「これまで長いあいだ企業に貢献してきたのだから、別の会社でも通用するだろう」と、早期退職からキャリアアップを試みる人がいます。しかし、転職ではむしろ「大企業での勤務経験がマイナスに作用する」可能性があることはご存じでしょうか。著書『ただの人にならない「定年の壁」のこわしかた』(マガジンハウス)より、公認会計士の田中靖浩氏がその理由を解説します。
「経理一筋〇年」でも、転職に失敗するワケ
研修時、“企業側”がランチに誘う日本、“受講者”がランチに誘う外資系
私は数多くの会社にお伺いして企業研修の講師を務めてきました。
日本企業の場合、午前中の講義が終わって昼休みになると、担当の方が私の元へやってきます。「先生、お疲れさまでした。ではランチにまいりましょう」とお店まで案内してくれます。
これが外資系企業に行くと少々様子がちがいます。先ほどまで受講していた生徒が私の元へやってきて「先生、ランチに行きましょう」と誘ってくるのです。
日本企業の受講者が受け身なのに対して、外資系企業の受講者はかなり能動的でアグレッシブ。この差は「転職を考えているか・いないか」のちがいです。外資系の諸君は入社1年目であっても例外なく「転職」を考えています。それゆえ会社の枠を超えて、会計士である私と「個人的に仲良くなろうとする」わけです。
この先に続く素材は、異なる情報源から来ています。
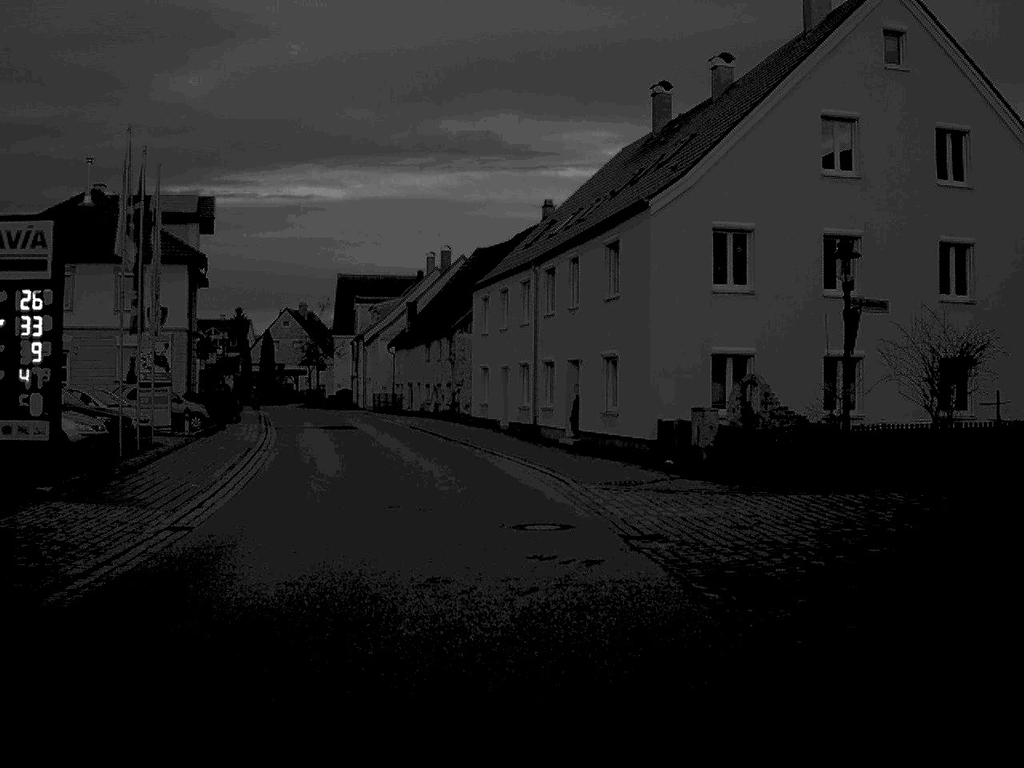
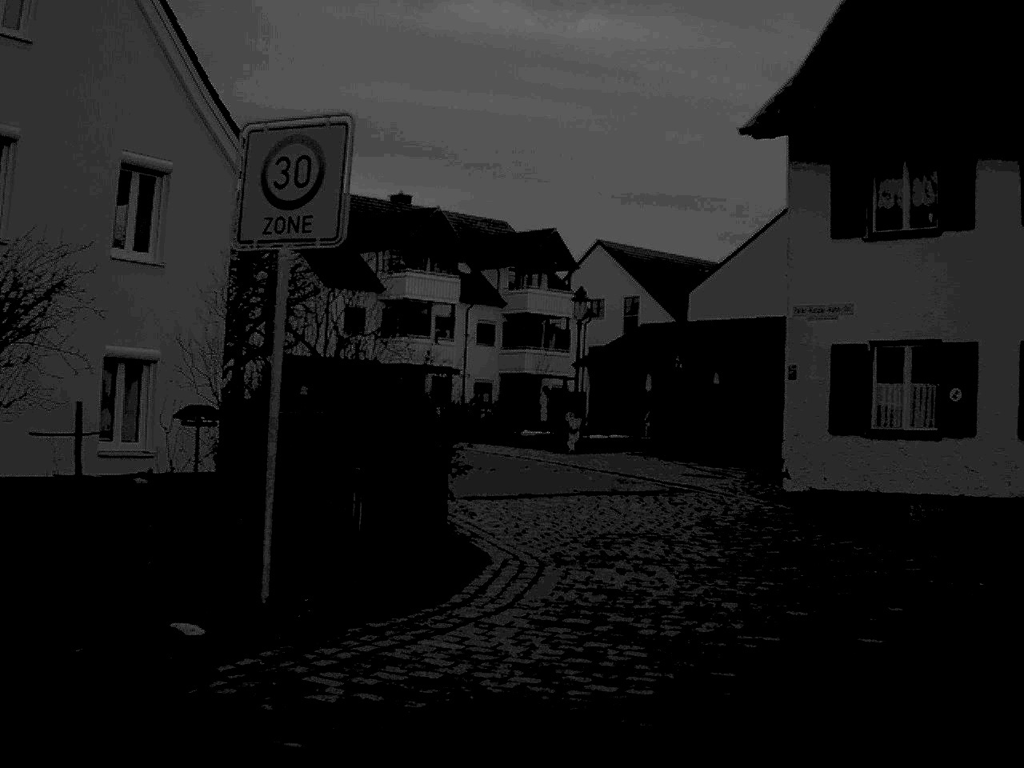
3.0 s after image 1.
(+3.3, +13.5) m; +47°
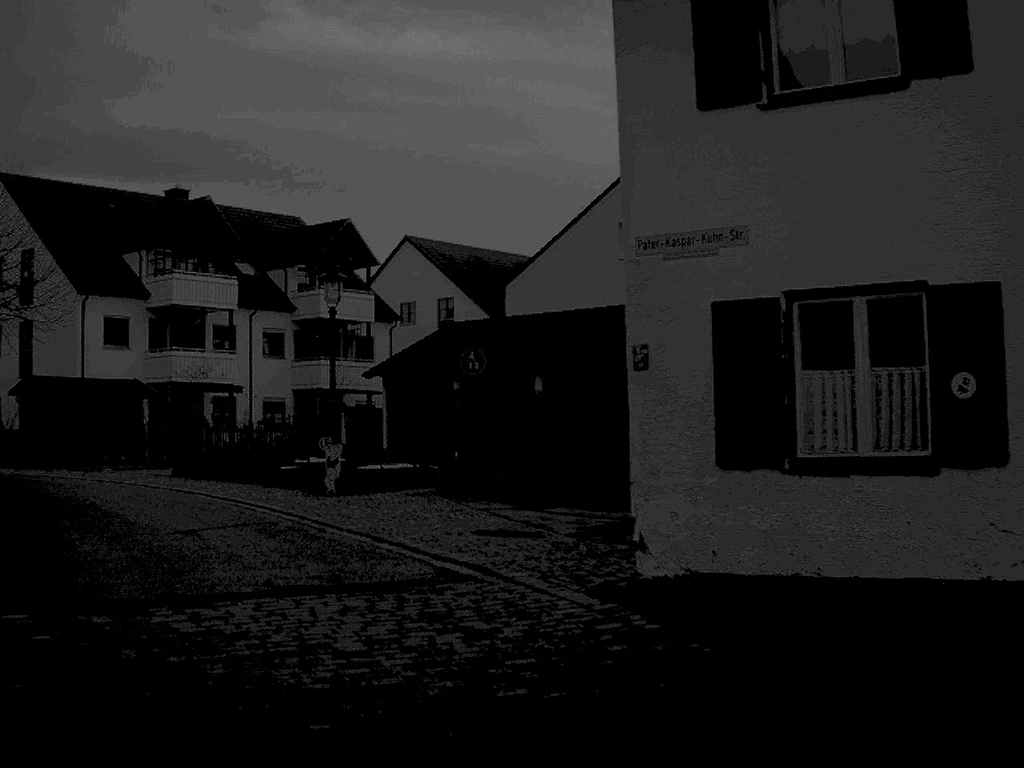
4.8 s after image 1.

つまり「今の会社を辞めても残る人間関係の構築」に敏感なんですね。彼らはパーティーでも積極的に知らない人と話そうとする。これに対して、「わが社の人間」だけで集まりがちなのが日本企業のサラリーマンです。
大企業での勤務経験が、転職でマイナスに作用する可能性も
これまで日本企業では「1」の社内で使えるスキルを重視してきました。とくに「大」の付く組織でその傾向が強いようです。それは「転職しにくい=時価の低い」人間を育てている面があります。
たとえば、「大企業で経理一筋〇年」のような人物です。経理は「手に職」の代表のように思われていたこともあり早期退職で転職を試みますが、そのチャレンジは失敗に終わることが少なくありません。
そのような人は「大企業で経理一筋〇年」だったがゆえに転職を失敗しているのです。残念なことに転職市場において「会社の色が付きすぎた」経理マンは敬遠されます。口グセのように「前職では……」と語る方はそれだけで「色が付きすぎ」と判断されます。
昔とはちがい、大組織での勤務経験はマイナスに作用することがあることは知っておきましょう。
経理職の転職市場でいえば、転職の上限は30歳、現在のように人手不足であっても35歳がギリギリです。高齢の経理職は「年配者はDXITに対応しにくい」そして「ベテランは若い人とチームを組むのが苦手」という先入観によっても敬遠されます。結論として経理のベテランの転職は極めて難しいのが現状です。